TASK ITEM: Every line below between the line holding "Specification located at</text>" and the line holding "per ASME Y14.5M</text>", inclusive, should be repeated exactly, and all other lines omitted.

AVAILABLE DATA:
● ● ● ●

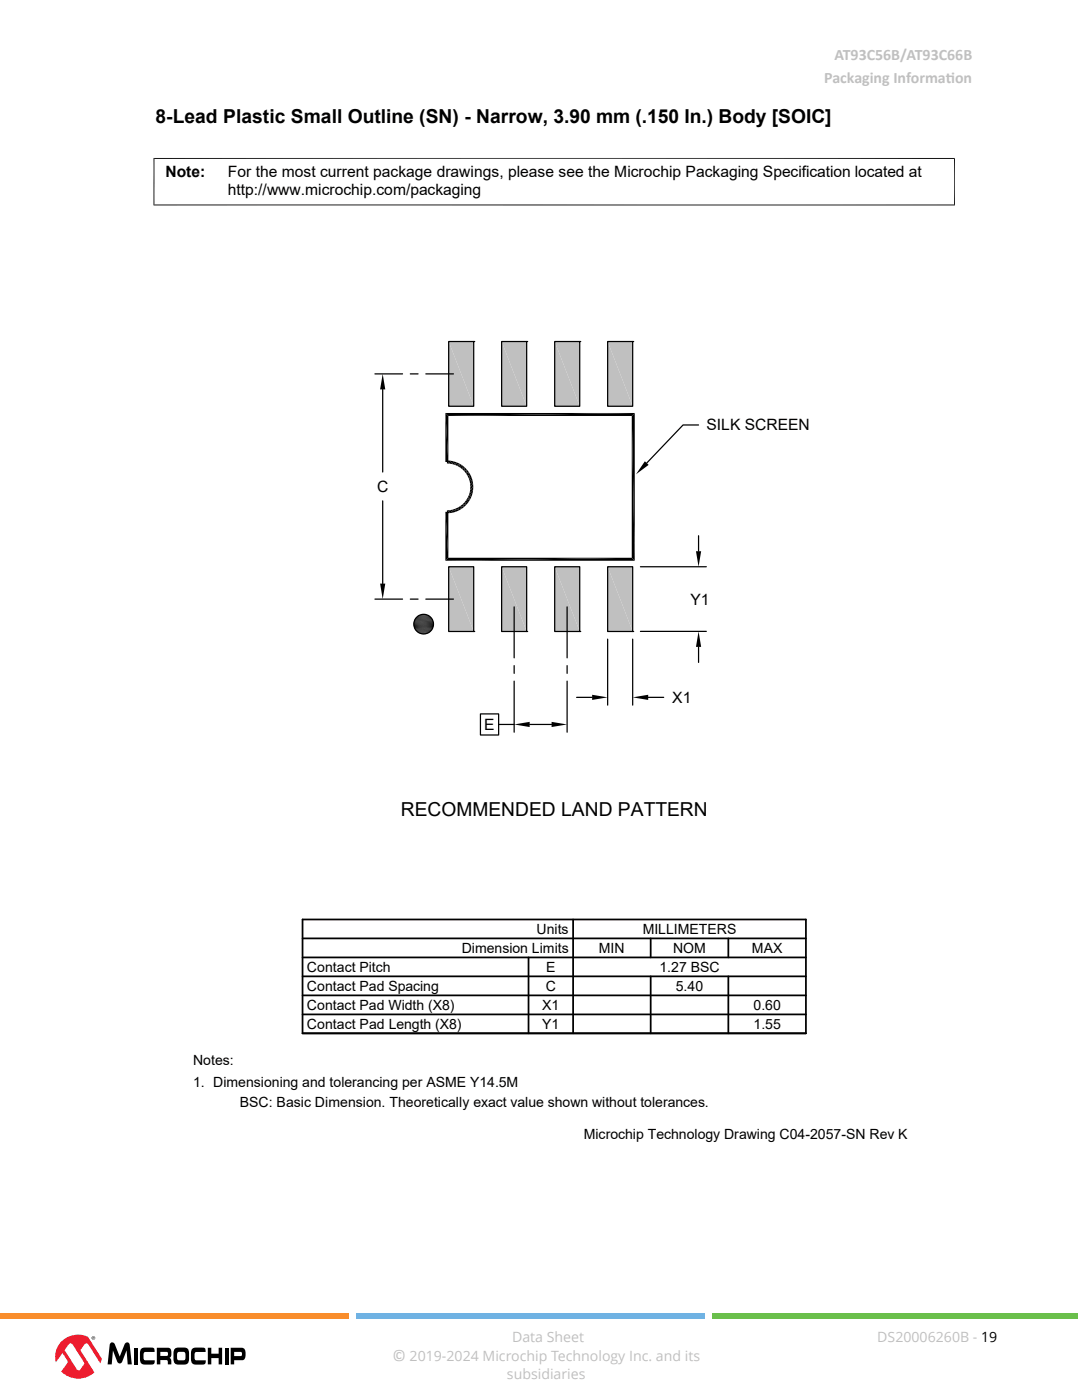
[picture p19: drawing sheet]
<svg xmlns="http://www.w3.org/2000/svg" width="216mm" height="279mm" viewBox="0 0 216 279" stroke-linecap="round" stroke-linejoin="round" font-family="sans-serif">
<defs><g id="words">
<g font-size="3.8">
<text x="31" y="24.4">8-Lead Plastic Small Outline (SN) - Narrow, 3.90 mm (.150 In.) Body [SOIC]</text>
<text x="80" y="162.8">RECOMMENDED LAND PATTERN</text>
</g>
<g font-size="3.2" fill="#c0c0c0">
<text x="164.5" y="16.6">Packaging Informat</text>
<text x="166.5" y="12">AT93C56B/AT93C66B</text>
<text x="188.7" y="16.6">ion</text>
<text x="78.3" y="271.7">©</text>
</g>
<g font-size="3.1">
<text x="33" y="35.3">Note:</text>
<text x="45.5" y="35.3">For the most current package drawings, please see the Microchip Packaging Specification located at</text>
<text x="45.5" y="38.9">http://www.microchip.com/packaging</text>
<text x="141" y="85.9">SILK SCREEN</text>
<text x="75.2" y="98.2">C</text>
<text x="137.8" y="120.7">Y1</text>
<text x="134.1" y="140.3">X1</text>
<text x="96.6" y="145.7">E</text>
</g>
<g font-size="2.8">
<text x="92.1" y="190.2">Dimension Limits</text>
<text x="107.1" y="186.4">Units</text>
<text x="119.5" y="190.2">MIN</text>
<text x="128.2" y="186.4">MILLIMETERS</text>
<text x="134.3" y="190.2">NOM</text>
<text x="150" y="190.2">MAX</text>
<text x="61.3" y="197.8">Contact Pad Spacing</text>
<text x="61.3" y="194">Contact Pitch</text>
<text x="108.9" y="197.8">C</text>
<text x="109" y="194">E</text>
<text x="131.6" y="194">1.27 BSC</text>
<text x="134.8" y="197.8">5.40</text>
<text x="61.3" y="201.5">Contact Pad Width (X8)</text>
<text x="108.2" y="201.6">X1</text>
<text x="150.3" y="201.5">0.60</text>
<text x="61.3" y="205.3">Contact Pad Length (X8)</text>
<text x="108.2" y="205.3">Y1</text>
<text x="150.3" y="205.3">1.55</text>
<text x="38.5" y="212.5">Notes:</text>
<text x="38.5" y="217">1. Dimensioning and tolerancing per ASME Y14.5M</text>
<text x="47.9" y="220.9">BSC: Basic Dimension. Theoretically exact value shown without tolerances.</text>
<text x="116.5" y="227.4">Microchip Technology Drawing C04-2057-SN Rev K</text>
</g>
<g font-size="2.8" fill="#c0c0c0">
<text x="102.2" y="267.7">Data Sheet</text>
<text x="175.1" y="267.7">DS20006260B - 19</text>
<text x="81.7" y="271.7">2019-2024 Microchip Technology Inc. and its</text>
<text x="101.2" y="275.1">subsidiaries</text>
</g>
</g></defs>
<g fill="#c0c0c0">
<path d="M121.2 113.1l5 12.9h-5z"/>
<path d="M121.2 113.1h5v12.9z"/>
<path d="M89.5 68.2l5 12.9h-5z"/>
<path d="M89.5 68.2h5v12.9z"/>
<path d="M89.5 113.1l5 12.9h-5z"/>
<path d="M89.5 113.1h5v12.9z"/>
<path d="M100.1 113.1l5 12.9h-5z"/>
<path d="M100.1 113.1h5v12.9z"/>
<path d="M110.7 113.1l5 12.9h-5z"/>
<path d="M110.7 113.1h5v12.9z"/>
<path d="M121.2 68.2l5 12.9h-5z"/>
<path d="M121.2 68.2h5v12.9z"/>
<path d="M110.7 68.2l5 12.9h-5z"/>
<path d="M110.7 68.2h5v12.9z"/>
<path d="M100.1 68.2l5 12.9h-5z"/>
<path d="M100.1 68.2h5v12.9z"/>
</g>
<g fill="none" stroke="#000" stroke-width=".25">
<path d="M74.8 74.6h5.5M76.4 77.7v16.5M81.9 74.6h1.5M85 74.6h5.5M89.5 68.2h5v12.9h-5zM94.5 68.2h.1M100.1 68.2h5v12.9h-5zM105.1 68.2h.1M110.7 68.2h5v12.9h-5zM115.7 68.2h.1M121.2 68.2h5v12.9h-5zM126.2 68.2h.1"/>
<path d="M76.4 100v16.5M139.4 84.8h-3.1l-7.2 7.6M74.8 119.6h5.5M81.9 119.6h1.5M85 119.6h5.5M89.5 113.1h5v12.9h-5zM100.1 113.1h5v12.9h-5zM110.7 113.1h5v12.9h-5zM121.2 113.1h5v12.9h-5zM127.8 113.1h13.1M139.4 106.9v3.1M94.5 126h.1"/>
<path d="M102.6 121.1v10.2M102.6 132.8v1.6M102.6 135.9v10.2M105.1 126h.1M113.2 121.1v10.2M113.2 132.8v1.6M113.2 135.9v10.2M115.1 139.2h3.1M115.7 126h.1M121.2 127.6v13.1M126.2 126h.1M126.2 127.6v13.1"/>
<path d="M127.8 126h13.1M129.3 139.2h3.1M139.4 129.1v3.1M95.9 142.5h3.6v4.2h-3.6zM99.5 144.6h3.1M105.7 144.6h4.4"/>
<circle cx="84.5" cy="124.6" r="1.96"/>
</g>
<path d="M60.4 183.5h100.4v22.7h-100.4zM60.4 187.3h100.4M60.4 198.7h100.4M60.4 191.1h100.4M60.4 194.9h100.4M105.5 191.1v15.1M114.4 183.5v22.7M129.8 187.3v3.8M129.8 194.9v11.3M145.3 187.3v3.8M145.3 194.9v11.3M60.4 202.4h100.4" fill="none" stroke="#000" stroke-width=".35"/>
<g fill="none" stroke="#000" stroke-width=".2">
<path d="M30.7 31.5v9.5M190.5 31.5v9.5M190.6 31.6h-160M30.6 40.9h160M82.6 124.3h3.9M82.6 124.5h3.9M82.6 124.7h3.9M82.6 124.8h3.9M82.6 124.1h3.9M82.6 125h3.9M82.6 125.2h3.8M82.6 123.9h3.8"/>
<path d="M82.7 123.7h3.7M82.7 125.4h3.7M82.8 125.6h3.5M82.8 123.6h3.5M82.9 125.7h3.3M82.9 123.4h3.3M83 123.3h3.1M83 125.9h3.1M83.1 126h2.9M83.1 123.1h2.9M83.2 123h2.6M83.2 126.1h2.6"/>
<path d="M83.4 122.9h2.3M83.4 126.2h2.3"/>
</g>
<g fill="#000">
<path d="M76.4 74.6l.5 3.1h-1.1zM88.9 82.4l.6 9.8h-.6zM88.9 82.4l.6 .6v9.2zM89.2 91.9l.5 .6h-.5zM89.2 91.9h.6l-.1 .6zM89.8 91.9l.5 .7-.6-.1zM89.8 91.9l.6 .2-.1 .5zM90.4 92.1l.4 .7-.5-.2zM90.4 92.1l.6 .1-.2 .6zM91 92.2l.3 .8-.5-.2zM91 92.2l.6 .3-.3 .5zM91.6 92.5l.2 .8-.5-.3z"/>
<path d="M91.6 92.5l.6 .3-.4 .5zM92.2 92.8l.1 .9-.5-.4zM92.7 93.2v.9l-.4-.4zM92.2 92.8l.5 .4-.4 .5zM93.3 99.3l.5 .3-.8 .2zM92.7 94.1l.4-.4-.1 .8zM92.7 93.2l.4 .5-.4 .4zM93.6 98.8l.5 .2-.8 .3zM93 94.5l.5-.3-.2 .8zM93.1 93.7l.4 .5-.5 .3zM93.7 98.3l.6 .1-.7 .4zM93.3 95l.5-.3-.2 .8z"/>
<path d="M93.8 97.7l.6 .1-.7 .5zM93.6 95.5l.5-.2-.4 .7zM93.8 97.2h.6l-.6 .5zM93.7 96l.6-.1-.5 .7zM93.3 99.3l.8-.3-.3 .6zM93.8 96.6l.6-.1-.6 .7zM93.5 94.2l.3 .5-.5 .3zM93.6 98.8l.7-.4-.2 .6zM93.8 94.7l.3 .6-.5 .2zM93.7 98.3l.7-.5-.1 .6zM94.1 95.3l.2 .6-.6 .1zM93.8 97.7l.6-.5v.6z"/>
<path d="M94.3 95.9l.1 .6-.6 .1zM94.4 96.5v.7h-.6zM89.5 83l37.2-.6-.6 .6zM88.9 82.4h37.8l-37.2 .6zM128.7 92.1l.7 .7-2.5 1.9zM75.8 116.5h1.1l-.5 3.1zM88.9 111.9l37.2-.6 .6 .6zM88.9 102.1l.6 9.2-.6 .6zM89.2 101.8l.6 .6h-.6zM89.2 101.8h.5l.1 .6zM88.9 111.9l.6-.6h36.6zM88.9 102.1h.6v9.2z"/>
<path d="M89.7 101.8l.6-.1 .1 .6zM89.7 101.8l.7 .5-.6 .1zM90.3 101.7l.5-.2 .2 .6zM90.3 101.7l.7 .4-.6 .2zM90.8 101.5l.5-.2 .3 .5zM90.8 101.5l.8 .3-.6 .3zM91.3 101.3l.5-.3 .4 .5zM91.3 101.3l.9 .2-.6 .3zM91.8 101l.5-.3 .4 .4zM91.8 101l.9 .1-.5 .4zM92.7 100.3l.4 .4h-.8zM92.3 100.7h.8l-.4 .4z"/>
<path d="M93 99.8l.5 .4-.8 .1zM92.7 100.3l.8-.1-.4 .5zM93 99.8l.8-.2-.3 .6zM126.1 83l.6 28.9-.6-.6zM126.1 83l.6-.6v29.5zM138.9 110h1l-.5 3.1zM83.5 126.3l1.8 .1zM83.5 126.3h2l-.2 .1zM83.5 122.8h2zM83.7 122.8h1.8zM83.7 126.4h1.5zM83.7 126.4h1.6z"/>
<path d="M83.7 122.8h1.6zM83.9 122.7l1.4 .1zM83.9 126.4l1.1 .1zM83.9 126.4h1.3zM83.9 122.7h1.3zM84.1 122.6l1.1 .1zM84.1 126.5h.6zM84.1 126.5h.9zM84.1 122.6h.9zM84.2 122.6h.8zM84.2 126.5h.5zM84.2 122.6h.5z"/>
<path d="M118.2 138.7l3 .5-3 .5zM126.2 139.2l3.1-.5v1zM139.4 126l.5 3.1h-1zM102.6 144.6l3.1-.5v1zM110.1 144.1l3.1 .5-3.1 .5z"/>
</g>
<g fill="#000">
<path d="M22.1 268a.56 .56 0 0 1 .8 .3l1 2.4 .9-2.4a.53 .53 0 0 1 .5-.4 .53 .53 0 0 1 .5 .3l.5 4.1h-.8l-.2-2.8-.9 2.2a.52 .52 0 0 1-.5 .4 .52 .52 0 0 1-.5-.4l-.9-2.2-.2 2.8h-.8l.4-3.9zM26.7 269h.8v3.3h-.8zM28.3 269.1l1.9-.2 .5 .2 .1 .7-2 .1-.1 .3-.1 .6 .2 .6 2.1 .1-.1 .6a3.1 3.1 0 0 1-2.5 .1 2.15 2.15 0 0 1-.4-2.1l.1-.5zM38.5 269.1l1.9-.2 .5 .2 .1 .7-2 .1-.2 .3v.6l.2 .6 2.1 .1-.1 .6a3.1 3.1 0 0 1-2.5 .1 3.1 3.1 0 0 1 0-3.1zM41.5 269h.7v1.2h1.4v-1.2h.7v3.3h-.7v-1.3h-1.4v1.3h-.7zM44.8 269h.8v3.3h-.8z"/>
<path d="M31.3 269v3.3h.7v-.9l1.4 .1 .1 .8h.7a1.01 1.01 0 0 0-.4-1.3 1.44 1.44 0 0 0 0-2zM32 269.8h1.4l.1 .7-.2 .1h-1.3z"/>
<path d="M35 269.1l1.7-.2a.93 .93 0 0 1 1 1.2 2.15 2.15 0 0 1-.4 2.1l-1.7 .1a.93 .93 0 0 1-1-1.2 2.15 2.15 0 0 1 .4-2zM35.4 270v1.3a1.55 1.55 0 0 0 1.4 .1l.2-.3v-.6a.49 .49 0 0 0-.4-.7h-.8z"/>
<path d="M46 269v3.3h.7v-.8h1.7a1.39 1.39 0 0 0 .6-1.8 .75 .75 0 0 0-.8-.7zM46.7 269.8h1.3a.47 .47 0 0 1 .3 .4 .47 .47 0 0 1-.2 .4h-1.4z"/>
</g>
<path d="M12.1 267.9a4.8 4.8 0 0 1 4.9-1.3l3.2 4.7a4.6 4.6 0 0 1-5.2 3.8 4.6 4.6 0 0 1-3.9-5.1l.2-.8z" fill="#fff"/>
<path d="M12.1 267.9a4.2 4.2 0 0 0-.9 4l1.3-1.9 .9 1.4a.55 .55 0 0 1-.1 .8l-1.1 1.5a4.8 4.8 0 0 0 6.6 .2l-2.8-4.4 .3-.4a1.55 1.55 0 0 1 1-1l.4 .3 2.3 3.7 .3-1-2.8-4.3a4.7 4.7 0 0 0-5.4 1.1zM13.7 268.3l.3-.2 .4 .1 2.4 3.7a1.28 1.28 0 0 1-.6 1.1l-.5 .5-.4-.2-2.4-3.9z" fill="#ed1c2e"/>
<path d="M18.3 267a.36 .36 0 0 1 .7 0 .36 .36 0 0 1-.7 0zM18.3 267a.3 .3 0 0 0 .6 0 .3 .3 0 0 0-.6 0zM18.5 266.8h.3v.4l-.2-.2-.1 .2zM18.6 266.9l.1 .1z" fill="#000"/>
<path d="M0 262h69.6v1.1h-69.6z" fill="#f98d2b"/>
<path d="M71 262h69.6v1.1h-69.6z" fill="#6fb2e3"/>
<path d="M142.1 262h72.9v1.1h-72.9z" fill="#6abf4b"/>
<use href="#words"/>
</svg>

● ● ● ●

SOLVED EXERCISE:
<text x="45.5" y="35.3">For the most current package drawings, please see the Microchip Packaging Specification located at</text>
<text x="45.5" y="38.9">http://www.microchip.com/packaging</text>
<text x="141" y="85.9">SILK SCREEN</text>
<text x="75.2" y="98.2">C</text>
<text x="137.8" y="120.7">Y1</text>
<text x="134.1" y="140.3">X1</text>
<text x="96.6" y="145.7">E</text>
</g>
<g font-size="2.8">
<text x="92.1" y="190.2">Dimension Limits</text>
<text x="107.1" y="186.4">Units</text>
<text x="119.5" y="190.2">MIN</text>
<text x="128.2" y="186.4">MILLIMETERS</text>
<text x="134.3" y="190.2">NOM</text>
<text x="150" y="190.2">MAX</text>
<text x="61.3" y="197.8">Contact Pad Spacing</text>
<text x="61.3" y="194">Contact Pitch</text>
<text x="108.9" y="197.8">C</text>
<text x="109" y="194">E</text>
<text x="131.6" y="194">1.27 BSC</text>
<text x="134.8" y="197.8">5.40</text>
<text x="61.3" y="201.5">Contact Pad Width (X8)</text>
<text x="108.2" y="201.6">X1</text>
<text x="150.3" y="201.5">0.60</text>
<text x="61.3" y="205.3">Contact Pad Length (X8)</text>
<text x="108.2" y="205.3">Y1</text>
<text x="150.3" y="205.3">1.55</text>
<text x="38.5" y="212.5">Notes:</text>
<text x="38.5" y="217">1. Dimensioning and tolerancing per ASME Y14.5M</text>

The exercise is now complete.